Collected data
================

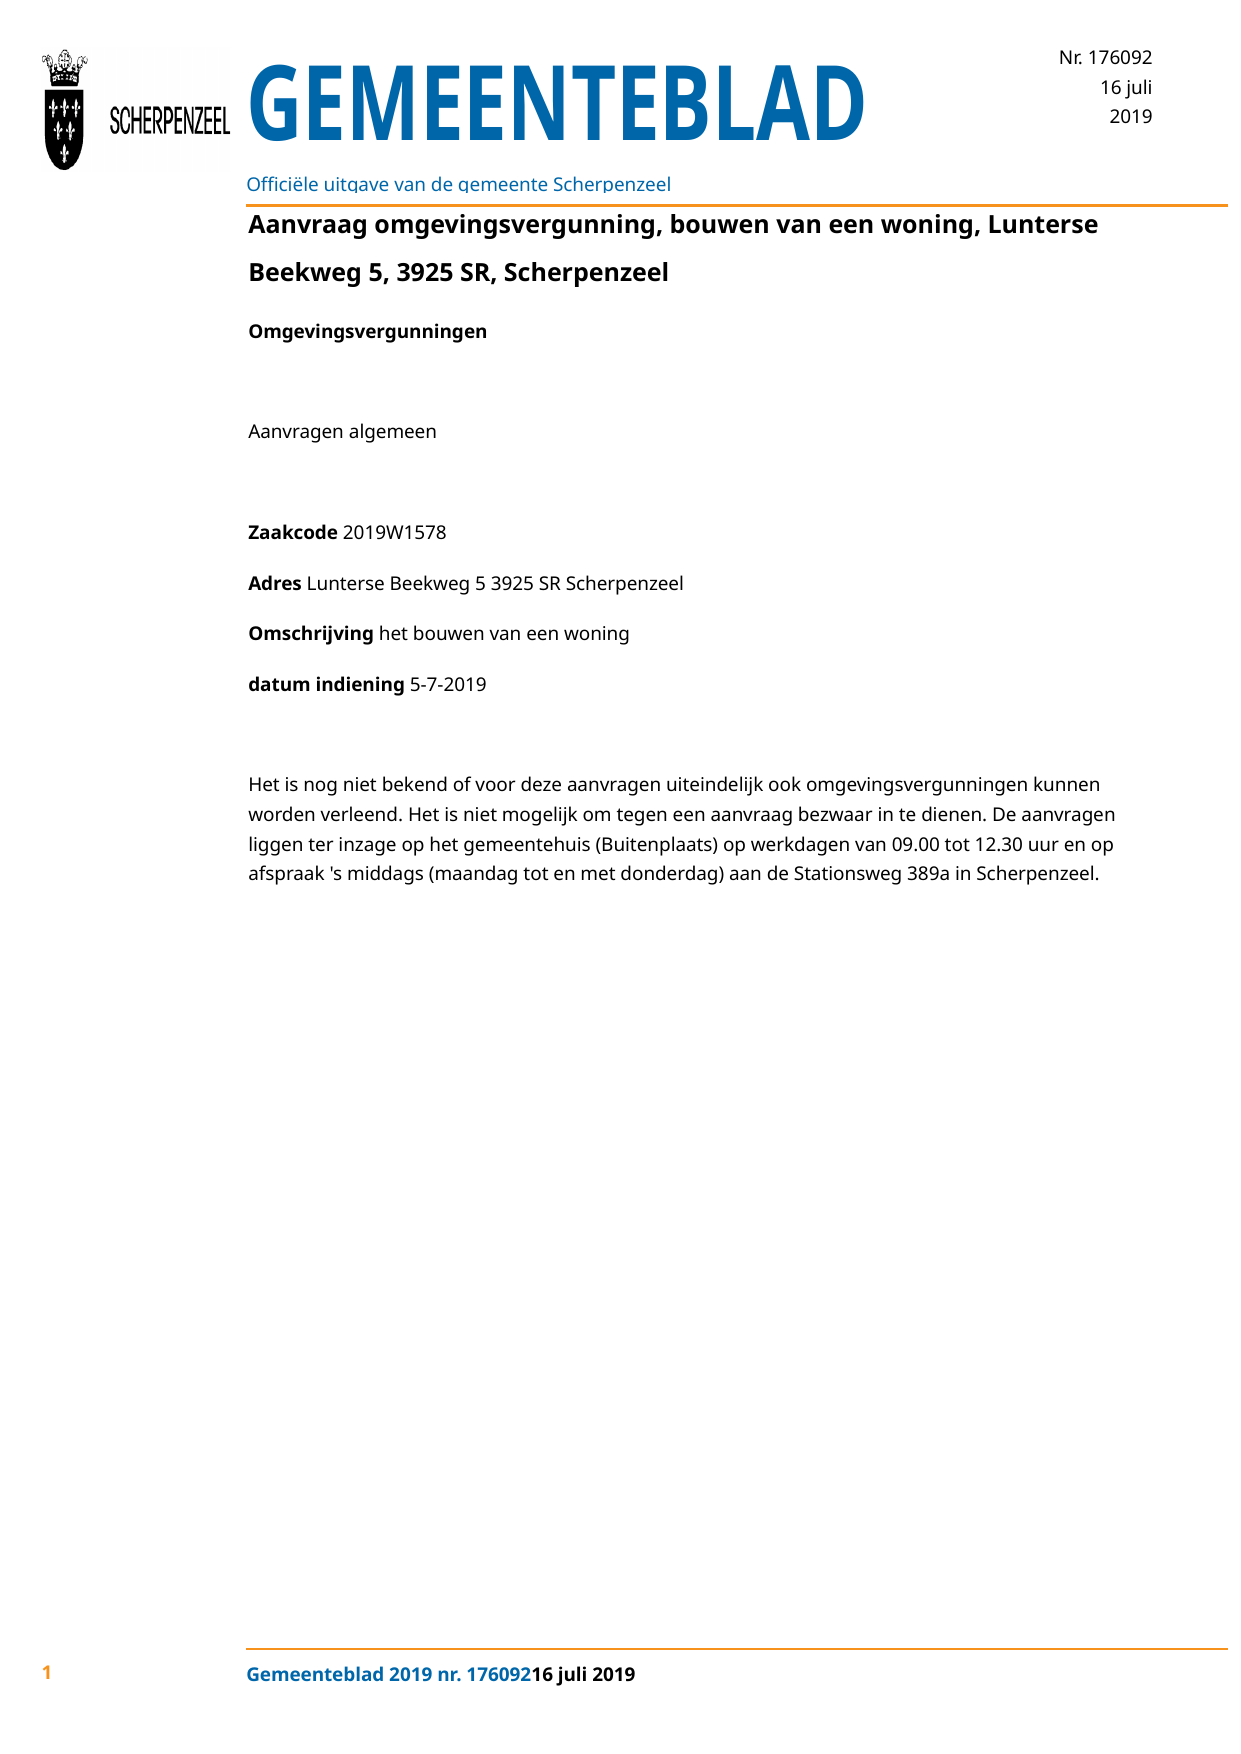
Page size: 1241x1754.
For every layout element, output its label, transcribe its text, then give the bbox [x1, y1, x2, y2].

text Het is nog niet bekend of voor deze aanvragen uiteindelijk ook omgevingsvergunningen kunnen worden verleend. Het is niet mogelijk om tegen een aanvraag bezwaar in te dienen. De aanvragen liggen ter inzage op het gemeentehuis (Buitenplaats) op werkdagen van 09.00 tot 12.30 uur en op afspraak 's middags (maandag tot en met donderdag) aan de Stationsweg 389a in Scherpenzeel. [248, 772, 1152, 886]
text Omschrijving het bouwen van een woning [248, 620, 1152, 646]
text Adres Lunterse Beekweg 5 3925 SR Scherpenzeel [248, 570, 1152, 596]
picture [41, 47, 231, 172]
text Zaakcode 2019W1578 [248, 519, 1152, 545]
text Aanvragen algemeen [248, 419, 1152, 444]
text Aanvraag omgevingsvergunning, bouwen van een woning, Lunterse Beekweg 5, 3925 SR, Scherpenzeel [248, 207, 1152, 288]
text Omgevingsvergunningen [248, 318, 1152, 344]
text datum indiening 5-7-2019 [248, 671, 1152, 697]

================

◆ TO DO ◆
For the string "bouwen", go through the entries above and copy each line where it occurs.

◆ TASK ANSWER ◆
text Omschrijving het bouwen van een woning [248, 620, 1152, 646]
text Aanvraag omgevingsvergunning, bouwen van een woning, Lunterse Beekweg 5, 3925 SR, Scherpenzeel [248, 207, 1152, 288]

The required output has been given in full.